In NSCLC, 18F–FDG-PET/CT has been essentially performed at the end of neoadjuvant therapy, giving evidence that the quantitative metabolic parameters derived from this examination significantly correlates with histology, response, and overall survival (OS) [30,31,32]. Similar results have been obtained for early metabolic tumour response, involving, however, only chemotherapy and targeted genotype-driven therapies - in particular patients that present, for example, epidermal growth factor receptor (EGFR) mutations or NSCLC harbouring anaplastic lymphoma kinase fusions [2,3,4].
In this study, we focused on the smaller literature describing the potentials of FDGint. In principle, different behaviours exist compared to chemotherapy alone, as radiation-induced inflammation might enhance the 18F–FDG uptake (see “Timing and inflammation” paragraph). Therefore, even in those cases where RT or CRT is the treatment of choice, there are no recognized standards of care specific for the histology of lung cancer. This has lead the researchers to prudently wait for ampler analysis before modifying the therapeutic decision based on FDGint.

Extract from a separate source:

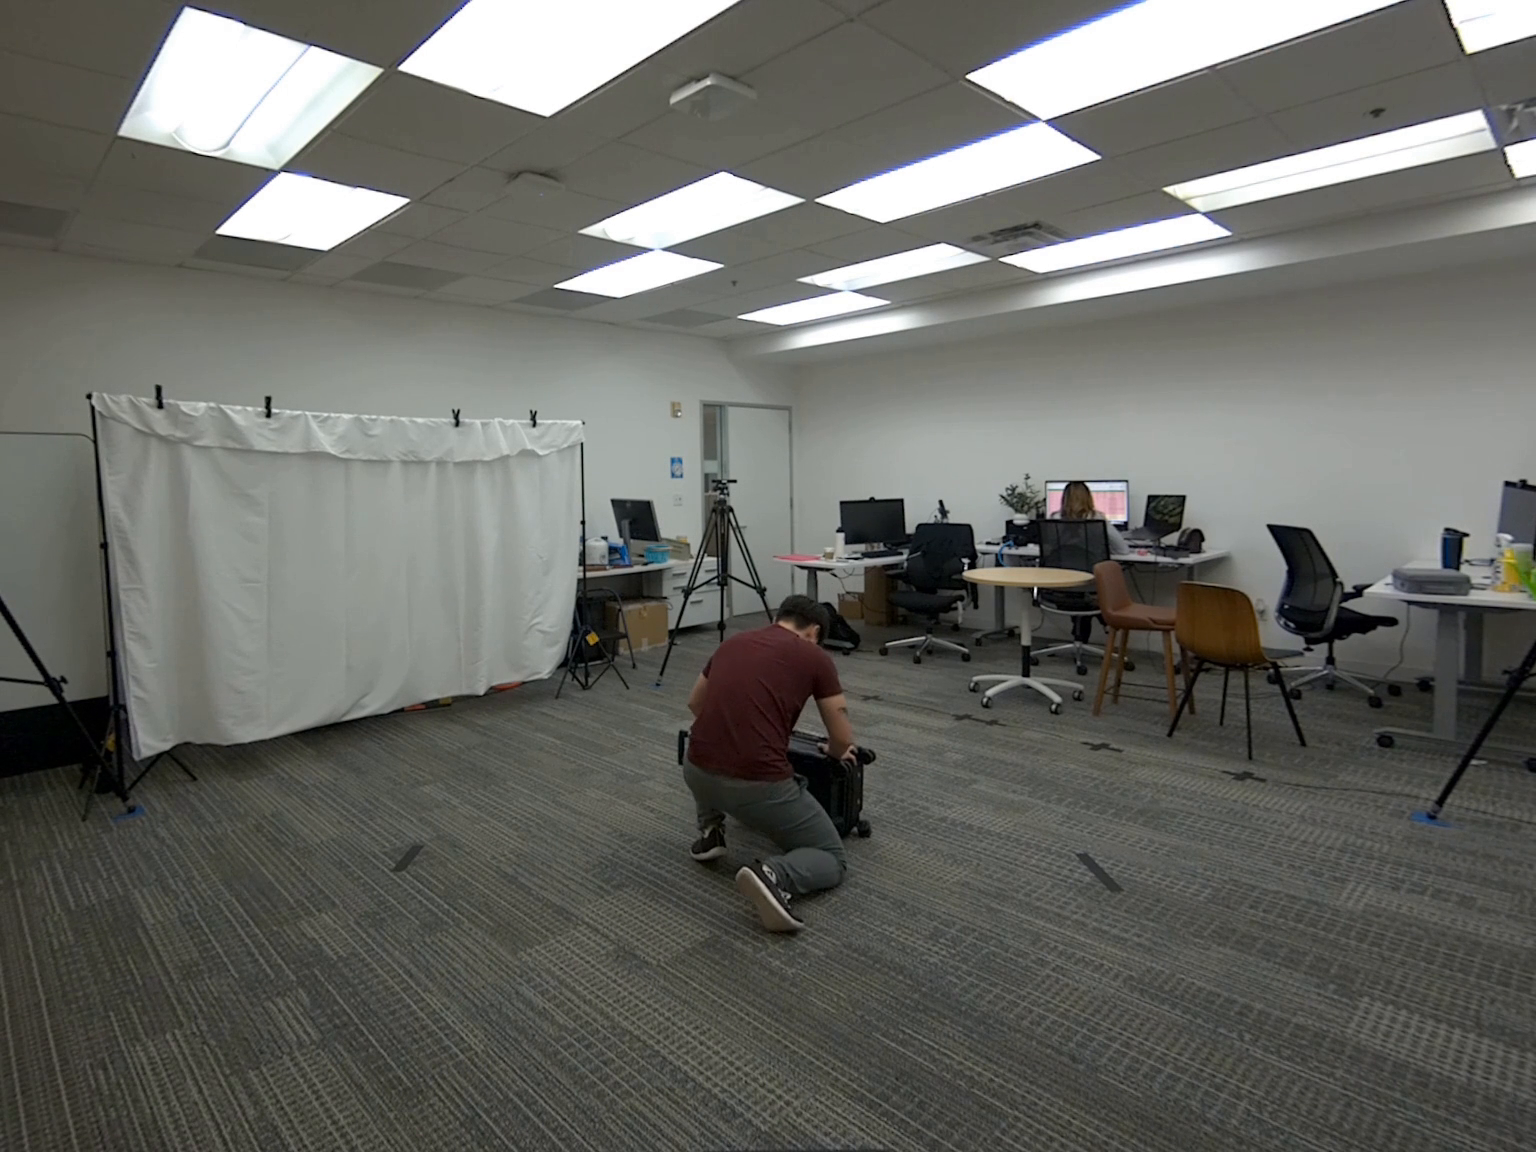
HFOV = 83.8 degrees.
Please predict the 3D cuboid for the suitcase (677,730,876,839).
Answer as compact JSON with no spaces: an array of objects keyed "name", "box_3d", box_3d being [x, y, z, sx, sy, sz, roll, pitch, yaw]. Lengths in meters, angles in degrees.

The whole scenario highlights the need of a thorough literature review, providing clinical based evidence of FDGint potentials in RT or CRT [8]. The present systematic review assembles the original papers available in the last decade, specific to FDGint and addressed to NSCLC.
Methods
Six different searches were completed on Medline (http://www.ncbi.nlm.nih.gov/pubmed) and Embase (http://www.embase.com), using keywords combined by Boolean operators (“and”, “or”):
-
i)
(lung cancer) AND (predictive OR prediction OR response assessment OR response OR assessment) AND (early OR ad interim) AND therapy AND (FDG OR 18F–FDG) AND (PET OR PET/CT);
-
ii)
(positron emission tomography) AND (18F–FDG-uptake) AND (SUV) AND (lung cancer);
-
iii)
(lung cancer) AND (adaptive radiotherapy) AND (FDG OR 18F–FDG) AND (PET OR PET/CT);
-
iv)
(early pet OR interim pet) AND (lung);
-
v)
(early PET OR interim PET) AND (lung cancer) AND (metabolic response) AND (radiotherapy);
-
vi)
(18F–FDG PET/CT) AND (chemoradiotherapy) AND lung cancer.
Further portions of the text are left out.